While climate risk did not feature as prominently as a short-term risk over the next 12 months relative to other global risks, CEOs still see climate risk impacting their cost profiles (50%), supply chains (42%) and physical assets (24%) from a moderate to a very large extent.
Recognising the impact climate change will have on business and society over the long term, a majority of CEOs have already implemented – or are in the process of implementing – initiatives to reduce their companies’ emissions (65%), in addition to innovating new, climate-friendly products and processes (61%), or developing a data-driven, enterprise-level strategy for reducing emissions and mitigating climate risks (58%).
Despite an increasing number of countries now having some form of carbon pricing, most respondents (54%) still do not plan to apply an internal price on carbon in decision-making, and over a third (36%) don’t plan to implement initiatives to protect their company’s physical assets and/or workforce from the impact of climate risk.

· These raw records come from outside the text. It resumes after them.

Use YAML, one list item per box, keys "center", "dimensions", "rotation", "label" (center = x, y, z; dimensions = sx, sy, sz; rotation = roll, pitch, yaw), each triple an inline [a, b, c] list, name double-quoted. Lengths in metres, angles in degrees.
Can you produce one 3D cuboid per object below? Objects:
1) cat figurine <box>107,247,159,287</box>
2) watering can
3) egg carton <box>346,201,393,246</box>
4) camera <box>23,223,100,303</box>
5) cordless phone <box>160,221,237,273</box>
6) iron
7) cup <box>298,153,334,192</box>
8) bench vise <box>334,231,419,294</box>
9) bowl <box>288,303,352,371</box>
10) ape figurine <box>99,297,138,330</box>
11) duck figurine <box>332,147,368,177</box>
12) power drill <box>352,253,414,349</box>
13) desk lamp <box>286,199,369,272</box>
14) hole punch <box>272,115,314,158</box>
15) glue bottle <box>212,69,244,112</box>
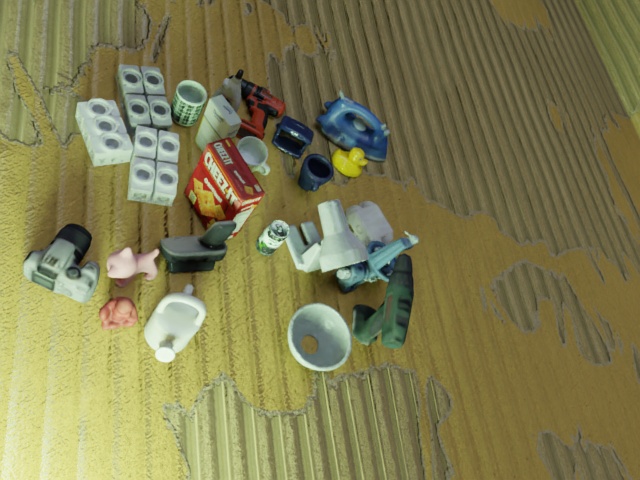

CEOs noted the need to collaborate with a wide range of stakeholders to build trust and deliver sustained outcomes if they are to generate long-term societal value. The survey found that when organisations partner with non-business entities, it is to address sustainable development (54%), diversity, equity, and inclusion (49%), and education (49%).
If organisations are to remain viable in the near and long term, they must also invest in their people and technological transformation agendas to empower their workforces.
Technologically, 76% of organisations say they are investing in automating processes and systems, implementing systems to upskill workforces in priority areas (72%), and deploying technology such as the cloud, AI and other advanced technology (69%).